Start of Supplied entries
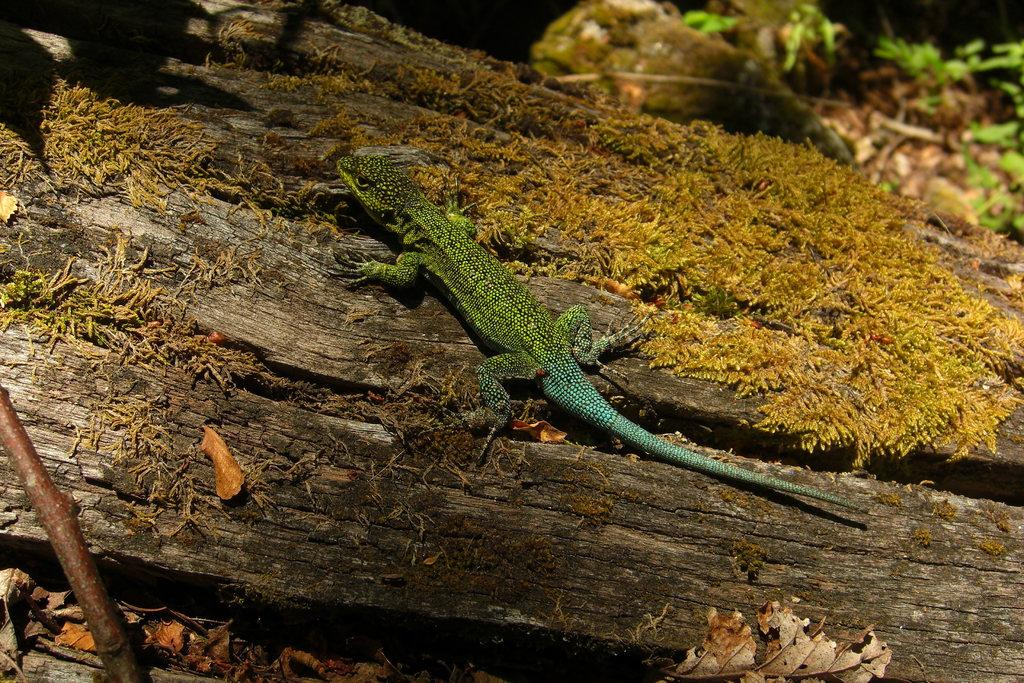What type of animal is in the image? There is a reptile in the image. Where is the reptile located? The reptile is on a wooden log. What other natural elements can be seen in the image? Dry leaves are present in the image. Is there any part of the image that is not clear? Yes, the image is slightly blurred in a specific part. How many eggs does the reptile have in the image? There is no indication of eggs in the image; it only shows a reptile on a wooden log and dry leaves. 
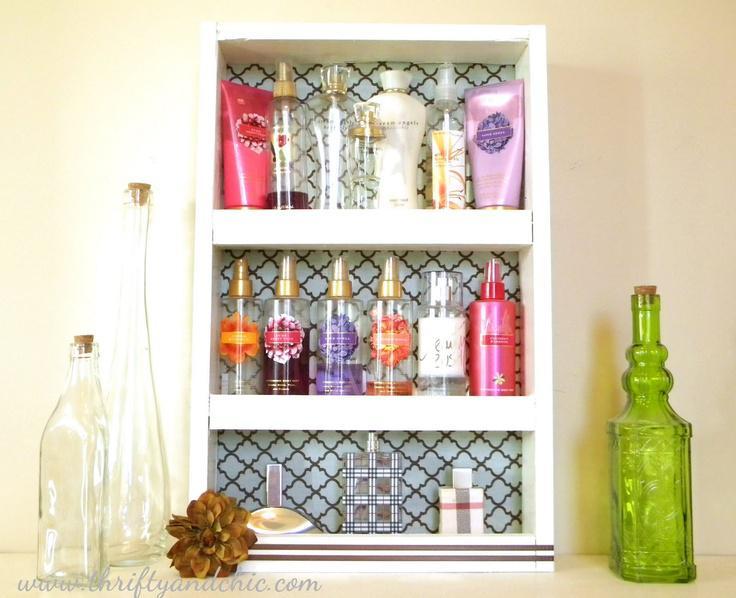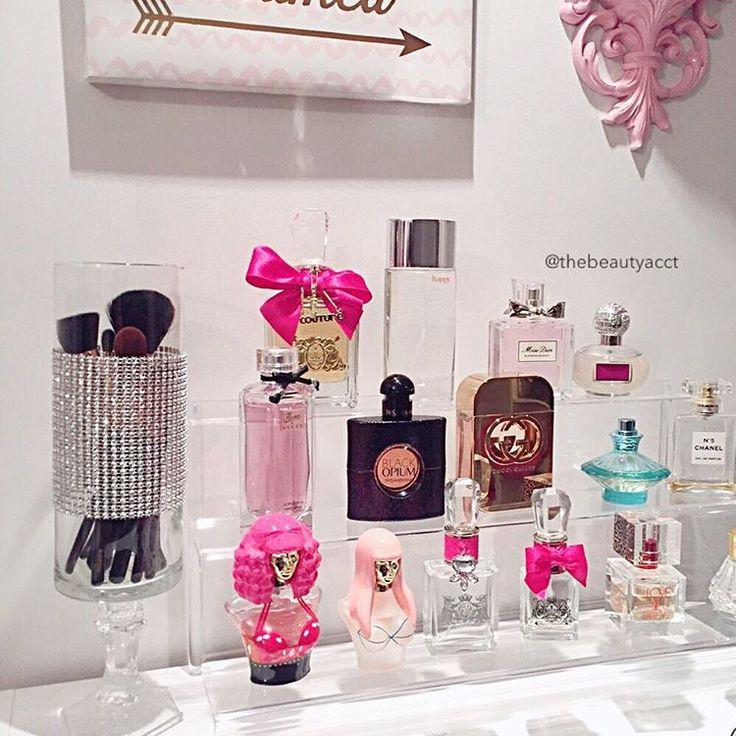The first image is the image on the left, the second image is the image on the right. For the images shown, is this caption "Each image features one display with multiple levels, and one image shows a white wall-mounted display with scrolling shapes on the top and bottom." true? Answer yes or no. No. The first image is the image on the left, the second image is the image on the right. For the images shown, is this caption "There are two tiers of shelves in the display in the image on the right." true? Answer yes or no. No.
End of Supplied entries
Start of Supplied entries
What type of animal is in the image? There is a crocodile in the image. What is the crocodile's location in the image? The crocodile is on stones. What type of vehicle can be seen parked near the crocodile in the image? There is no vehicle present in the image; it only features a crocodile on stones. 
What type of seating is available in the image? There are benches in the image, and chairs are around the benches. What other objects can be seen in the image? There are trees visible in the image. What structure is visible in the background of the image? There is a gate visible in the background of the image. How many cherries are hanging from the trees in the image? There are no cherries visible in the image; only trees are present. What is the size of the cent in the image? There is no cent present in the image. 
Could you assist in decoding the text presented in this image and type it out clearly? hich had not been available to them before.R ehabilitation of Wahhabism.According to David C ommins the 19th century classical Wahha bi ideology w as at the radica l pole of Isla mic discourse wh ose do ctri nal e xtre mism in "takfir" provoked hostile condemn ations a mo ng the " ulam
End of Supplied entries
Start of Supplied entries
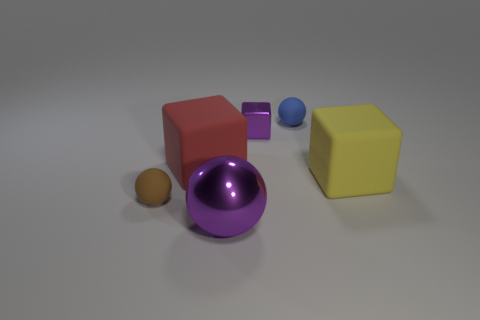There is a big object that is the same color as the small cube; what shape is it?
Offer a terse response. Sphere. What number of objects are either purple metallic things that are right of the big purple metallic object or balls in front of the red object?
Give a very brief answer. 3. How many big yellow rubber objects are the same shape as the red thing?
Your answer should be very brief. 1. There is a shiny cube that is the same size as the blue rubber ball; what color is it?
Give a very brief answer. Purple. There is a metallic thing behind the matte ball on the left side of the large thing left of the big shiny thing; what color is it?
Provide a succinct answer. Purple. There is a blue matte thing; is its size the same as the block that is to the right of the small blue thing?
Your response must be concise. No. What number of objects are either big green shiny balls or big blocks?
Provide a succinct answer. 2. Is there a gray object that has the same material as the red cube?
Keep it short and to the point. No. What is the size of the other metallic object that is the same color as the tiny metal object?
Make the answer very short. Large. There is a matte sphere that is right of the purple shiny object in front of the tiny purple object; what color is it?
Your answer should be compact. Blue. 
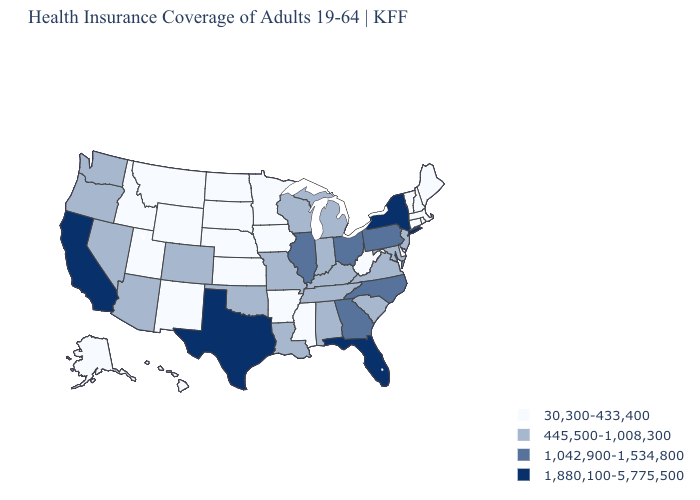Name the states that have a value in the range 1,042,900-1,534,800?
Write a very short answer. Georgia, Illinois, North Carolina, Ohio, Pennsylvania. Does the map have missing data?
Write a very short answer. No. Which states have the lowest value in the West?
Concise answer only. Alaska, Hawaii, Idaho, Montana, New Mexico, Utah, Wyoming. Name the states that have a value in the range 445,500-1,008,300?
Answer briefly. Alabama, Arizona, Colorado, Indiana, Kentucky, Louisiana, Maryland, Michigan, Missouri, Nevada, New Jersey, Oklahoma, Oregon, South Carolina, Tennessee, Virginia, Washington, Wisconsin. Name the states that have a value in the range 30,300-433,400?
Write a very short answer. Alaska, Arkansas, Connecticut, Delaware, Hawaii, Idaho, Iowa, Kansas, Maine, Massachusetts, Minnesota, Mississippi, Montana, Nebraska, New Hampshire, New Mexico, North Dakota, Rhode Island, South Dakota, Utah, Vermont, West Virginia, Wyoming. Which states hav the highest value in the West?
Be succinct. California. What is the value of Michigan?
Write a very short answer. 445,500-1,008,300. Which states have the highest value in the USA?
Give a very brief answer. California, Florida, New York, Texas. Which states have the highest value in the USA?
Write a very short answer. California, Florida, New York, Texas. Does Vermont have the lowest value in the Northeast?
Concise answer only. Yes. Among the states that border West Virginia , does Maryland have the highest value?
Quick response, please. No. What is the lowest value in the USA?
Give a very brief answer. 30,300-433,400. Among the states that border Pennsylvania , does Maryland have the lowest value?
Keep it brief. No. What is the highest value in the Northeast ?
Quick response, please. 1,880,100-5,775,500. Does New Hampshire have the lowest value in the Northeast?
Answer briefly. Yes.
End of Supplied entries
Whatever else the listing above holds, retype exactly only the lines from the one containing "Your response must" to the one containing "Keep it short", both ends kept.

Your response must be concise. No. What number of objects are either big green shiny balls or big blocks?
Provide a succinct answer. 2. Is there a gray object that has the same material as the red cube?
Keep it short and to the point. No. What is the size of the other metallic object that is the same color as the tiny metal object?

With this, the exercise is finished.